Se trata del sector más dinámico y con mejores proyecciones de nuestra economía debe tener la capacidad de diferenciarse en los mercados globales, pues al igual que los productos y empresas, no solo existen en el mundo físico, sino también como percepciones, en la mente de las personas.

Hoy nadie podría poner en duda que un constructo simbólico, como es una marca, es un importante y muy útil elemento de diferenciación y comunicación eficaz, sobre todo para un jugador pequeño, pero que comienza a ser relevante en materia de exportaciones. En efecto, los envíos de Ñuble son inferiores a los de otras regiones, pero su tasa de crecimiento las supera a todas. De hecho, el primer trimestre fue muy positivo al totalizar US$305 millones en envíos silvoagropecuarios, lo que representa un incremento de 42,5% en comparación con enero-marzo de 2020, según estadísticas de Odepa, con información de la Dirección Nacional de Aduanas.
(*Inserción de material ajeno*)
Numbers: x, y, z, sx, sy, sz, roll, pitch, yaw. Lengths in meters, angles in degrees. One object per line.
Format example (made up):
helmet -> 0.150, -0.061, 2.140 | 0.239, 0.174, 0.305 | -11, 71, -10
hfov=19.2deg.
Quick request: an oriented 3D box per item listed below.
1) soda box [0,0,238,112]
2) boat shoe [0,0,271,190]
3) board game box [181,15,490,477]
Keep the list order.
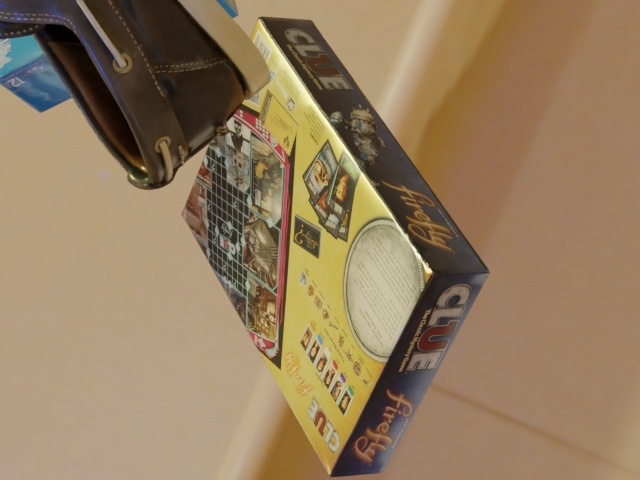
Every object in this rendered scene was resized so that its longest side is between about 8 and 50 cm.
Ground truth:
soda box -> -0.182, -0.192, 1.636 | 0.071, 0.210, 0.067 | 39, -147, -54
boat shoe -> -0.120, -0.117, 0.751 | 0.079, 0.233, 0.084 | -47, 25, -7
board game box -> 0.000, 0.000, 1.155 | 0.243, 0.042, 0.165 | 58, 136, 39
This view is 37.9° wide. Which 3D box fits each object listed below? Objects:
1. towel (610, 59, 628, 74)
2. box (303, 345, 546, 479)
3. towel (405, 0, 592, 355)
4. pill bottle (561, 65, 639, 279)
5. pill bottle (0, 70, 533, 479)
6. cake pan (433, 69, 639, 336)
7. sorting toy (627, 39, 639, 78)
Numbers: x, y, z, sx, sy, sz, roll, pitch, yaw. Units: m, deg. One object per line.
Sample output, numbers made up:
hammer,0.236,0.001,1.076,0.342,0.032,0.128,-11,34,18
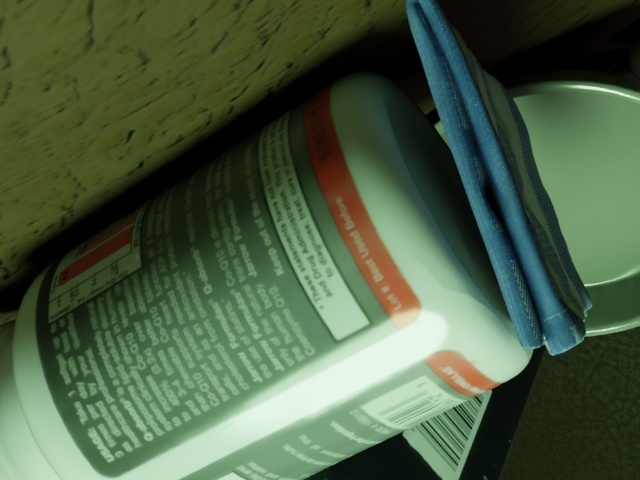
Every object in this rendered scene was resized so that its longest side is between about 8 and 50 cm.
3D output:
towel,0.411,-0.195,1.129,0.237,0.037,0.329,-26,172,-17
box,0.006,0.158,0.840,0.294,0.183,0.296,-15,-146,44
towel,0.123,-0.035,0.591,0.034,0.209,0.285,-21,173,16
pill bottle,0.224,-0.022,1.013,0.361,0.204,0.204,-34,170,37
pill bottle,-0.065,0.065,0.617,0.363,0.210,0.210,-29,172,18
cake pan,0.212,-0.030,0.827,0.293,0.293,0.054,-33,-153,37
sorting toy,0.447,-0.237,0.852,0.307,0.041,0.229,-39,161,32
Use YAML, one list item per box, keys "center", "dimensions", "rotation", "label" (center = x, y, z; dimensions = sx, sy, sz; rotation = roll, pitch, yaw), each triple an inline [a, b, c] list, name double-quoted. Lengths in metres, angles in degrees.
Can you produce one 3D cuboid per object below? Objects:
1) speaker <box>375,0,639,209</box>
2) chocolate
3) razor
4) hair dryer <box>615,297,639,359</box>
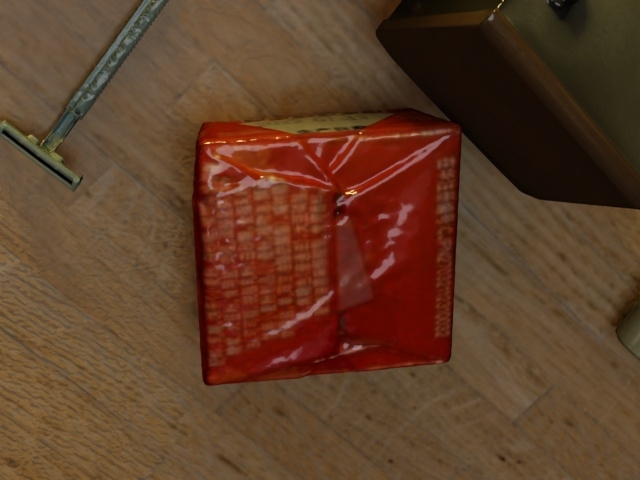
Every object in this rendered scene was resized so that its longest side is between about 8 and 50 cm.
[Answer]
- center: [0.197, -0.155, 1.179]
  dimensions: [0.231, 0.192, 0.153]
  rotation: [44, 72, -27]
  label: "speaker"
- center: [0.000, 0.000, 1.264]
  dimensions: [0.234, 0.108, 0.237]
  rotation: [-6, 114, -11]
  label: "chocolate"
- center: [-0.180, -0.148, 1.197]
  dimensions: [0.084, 0.036, 0.211]
  rotation: [38, 96, -5]
  label: "razor"
- center: [0.438, 0.055, 1.372]
  dimensions: [0.296, 0.119, 0.298]
  rotation: [-31, 97, 21]
  label: "hair dryer"
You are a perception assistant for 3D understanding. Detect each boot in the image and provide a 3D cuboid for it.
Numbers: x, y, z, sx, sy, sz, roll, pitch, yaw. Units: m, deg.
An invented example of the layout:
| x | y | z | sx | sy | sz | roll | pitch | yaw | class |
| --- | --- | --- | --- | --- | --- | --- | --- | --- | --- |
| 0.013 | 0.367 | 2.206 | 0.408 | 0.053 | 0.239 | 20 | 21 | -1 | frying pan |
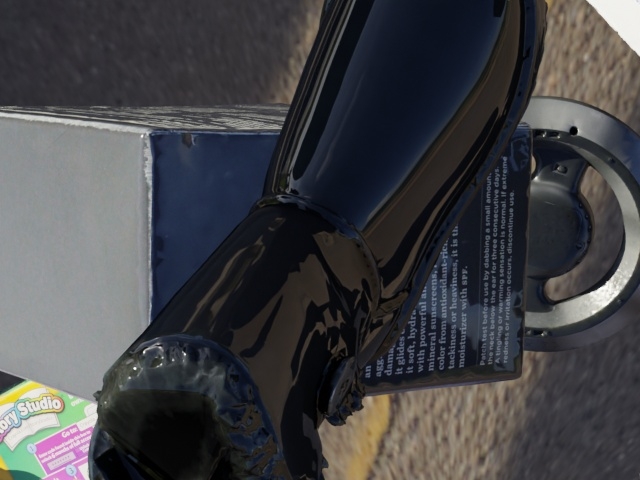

Sin embargo, ese potencial puede terminar desaprovechado si no se consideran otros aspectos sobre los cuales hay bastante investigación y conocimiento, aportado por las universidades y centros de investigación locales.

Y es que tan necesario como construir una marca, el sector frutícola requiere enfrentar otros desafíos igual de urgentes, como son ampliar la superficie de riego, el uso eficiente del agua, la vinculación con las comunidades, el cuidado del medio ambiente, la superación de brechas tecnológicas entre las pymes, la adaptación al cambio climático y la introducción de nuevas variedades.

A lo anterior hay que añadir la necesidad de diversificar los mercados de destino, pues ejemplos sobran en la última década de la alta exposición de los productores de arándanos -el cultivo estrella de la provincia- frente a la volatilidad de los precios en el mercado norteamericano. Lo mismo se observa también con los cerezos y el mercado chino, y los avellanos europeos y el mercado italiano.

Hay un trabajo pendiente en cuanto a abrir nuevos mercados, labor en la que una oficina de relaciones exteriores, propuesta que era estudiada por el Gobierno Regional antes de la pandemia, puede ser de gran utilidad.

También se requiere seguir avanzando en investigación, innovación e introducción de tecnología, de manera de elevar la competitividad del rubro en un escenario internacional cada vez más complejo, con nuevas especies y variedades, con sistemas de riego eficientes y con mecanismos de aseguramiento de la inocuidad y de protección frente a plagas y enfermedades.

Finalmente, para que todo cuaje se necesitan cooperación público-privada y trabajo asociativo no solo para fortalecer a un sector de nuestra economía, sino para que su desarrollo y efectos económicos sean percibidos por toda la población.